Cryo-EM is a technique that allows researchers to get an extremely detailed look at a molecular structure, often at atomic resolution. This allows them to uncover how a protein or other structure functions, and also how mutations that cause changes in those structures can lead to disease and possible treatments.
For experiments, samples must be frozen to extremely cold temperatures and electron beams are shot at the frozen molecules in the microscope to capture an image of its structure. When the electrons hit the sample, they scatter and their pattern passes through a lens to create an image. Scientists can discern the structure by computationally processing tens of thousands or more of such images.
“Cryo-EM allows the reconstruction of a 3D-image of a molecule at near atomic-resolution and has unique advantages over other structural methods,” says biochemistry professor Sam Butcher, who is part of the team working to establish the facility. “It allows researchers to ‘see’ molecules that have been quickly frozen in their native states, yielding molecular information that would otherwise be impossible to obtain by other methods such as X-ray crystallography or nuclear magnetic resonance spectroscopy (NMR). I think cryo-EM will have a huge impact on research at UW–Madison, particularly for the many researchers that are studying molecular machines, enzymes, cellular substructures, and viruses.”

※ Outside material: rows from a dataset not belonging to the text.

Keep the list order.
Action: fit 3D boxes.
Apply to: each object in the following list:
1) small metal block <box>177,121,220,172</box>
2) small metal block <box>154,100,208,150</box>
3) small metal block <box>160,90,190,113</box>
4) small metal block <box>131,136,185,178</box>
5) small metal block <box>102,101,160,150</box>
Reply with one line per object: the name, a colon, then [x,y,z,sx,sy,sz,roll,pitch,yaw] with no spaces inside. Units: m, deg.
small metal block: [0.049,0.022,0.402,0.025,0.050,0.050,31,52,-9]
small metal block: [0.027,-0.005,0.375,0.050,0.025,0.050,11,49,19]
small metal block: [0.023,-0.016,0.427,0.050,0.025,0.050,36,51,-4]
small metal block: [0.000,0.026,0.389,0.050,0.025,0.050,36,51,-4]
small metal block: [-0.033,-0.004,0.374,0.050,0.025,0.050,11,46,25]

The process can produce detailed structures to define the location, architecture, and dynamics of a wide array of biological process and molecules, such as cellular membranes, organelles, enzymes, and viruses. They can shed light on scientific issues in development, disease, drug treatment and discovery, infections, and protein function, spanning themes such as biotechnology and biomedical research.
At UW–Madison, faculty are exploring every corner of these areas — from biochemistry professor John Markely studying mechanistic origins of mitochondrial disease to bacteriology professor Katrina Forest wanting to investigate the structure of tiny microbes often abundant in fresh water.

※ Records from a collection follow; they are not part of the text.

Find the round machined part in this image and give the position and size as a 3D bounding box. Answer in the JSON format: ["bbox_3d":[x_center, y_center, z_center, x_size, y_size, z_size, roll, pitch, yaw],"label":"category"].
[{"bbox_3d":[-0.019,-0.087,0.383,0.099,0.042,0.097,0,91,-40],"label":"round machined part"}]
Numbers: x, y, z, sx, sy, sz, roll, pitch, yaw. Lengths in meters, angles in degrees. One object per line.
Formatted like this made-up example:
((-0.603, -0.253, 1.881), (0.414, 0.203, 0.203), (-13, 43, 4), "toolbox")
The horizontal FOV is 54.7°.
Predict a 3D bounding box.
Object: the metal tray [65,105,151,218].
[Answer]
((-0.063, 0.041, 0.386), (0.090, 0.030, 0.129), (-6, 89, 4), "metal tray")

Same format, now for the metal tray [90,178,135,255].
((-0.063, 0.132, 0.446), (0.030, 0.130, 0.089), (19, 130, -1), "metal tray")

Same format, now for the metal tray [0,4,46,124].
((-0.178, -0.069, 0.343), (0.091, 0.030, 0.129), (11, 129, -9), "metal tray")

In virology, biochemistry and Institute for Molecular Virology professor Ann Palmenberg recently solved the structure of a virus responsible for asthma in small children. She collaborated with Purdue University because they have the sufficient cryo-EM equipment, unlike UW–Madison currently. Also, oncology professor Paul Ahlquist aims to use the new facility to visualize the structure of how some viruses replicate, particularly those responsible for Zika, MERS, SARS, Dengue Fever, and Chikungunya.

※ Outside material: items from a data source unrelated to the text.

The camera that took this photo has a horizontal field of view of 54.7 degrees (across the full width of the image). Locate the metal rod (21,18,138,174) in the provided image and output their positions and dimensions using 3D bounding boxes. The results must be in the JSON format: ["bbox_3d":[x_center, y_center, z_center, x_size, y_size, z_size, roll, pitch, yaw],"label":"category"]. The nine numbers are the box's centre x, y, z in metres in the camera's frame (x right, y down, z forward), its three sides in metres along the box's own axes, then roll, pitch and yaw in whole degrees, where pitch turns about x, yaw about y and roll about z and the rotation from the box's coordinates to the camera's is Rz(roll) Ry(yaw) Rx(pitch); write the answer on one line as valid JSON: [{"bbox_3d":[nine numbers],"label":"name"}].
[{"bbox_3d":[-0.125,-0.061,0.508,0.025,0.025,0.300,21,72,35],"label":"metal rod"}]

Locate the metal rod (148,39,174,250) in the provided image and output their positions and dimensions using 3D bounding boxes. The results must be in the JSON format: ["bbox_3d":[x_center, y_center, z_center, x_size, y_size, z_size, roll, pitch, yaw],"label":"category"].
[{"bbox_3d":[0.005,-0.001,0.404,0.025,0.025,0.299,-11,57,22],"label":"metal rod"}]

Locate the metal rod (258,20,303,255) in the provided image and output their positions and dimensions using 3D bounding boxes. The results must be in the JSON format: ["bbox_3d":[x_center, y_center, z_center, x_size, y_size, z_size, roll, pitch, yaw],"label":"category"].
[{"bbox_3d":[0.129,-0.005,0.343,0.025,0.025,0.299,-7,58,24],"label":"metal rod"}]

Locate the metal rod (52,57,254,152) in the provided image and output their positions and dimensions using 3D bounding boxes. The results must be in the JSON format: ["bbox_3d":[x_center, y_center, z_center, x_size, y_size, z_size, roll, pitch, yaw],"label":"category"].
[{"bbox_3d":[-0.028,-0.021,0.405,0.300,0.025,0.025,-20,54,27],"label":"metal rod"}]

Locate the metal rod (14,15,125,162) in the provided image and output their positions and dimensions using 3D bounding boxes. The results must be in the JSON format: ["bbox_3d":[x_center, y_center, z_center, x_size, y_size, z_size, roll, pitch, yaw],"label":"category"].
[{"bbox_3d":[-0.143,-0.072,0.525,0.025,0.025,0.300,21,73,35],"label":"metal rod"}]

Getting even further into the basic sciences, other researchers are interested in the structure of biological molecules involved in ion channels and transporters, DNA replication, RNA transcription, the spliceosome, communication between synapses in the nervous system, and more. All of these structures could shed light on aspects of human development and disease and will be made possible by the cyro-EM facility at UW–Madison.
The facility will also foster collaborations on and off campus, as well as have an impact on teaching. Many of the faculty coming together to establish the facility are working to design coursework to teach undergraduates and graduate students about this new technology.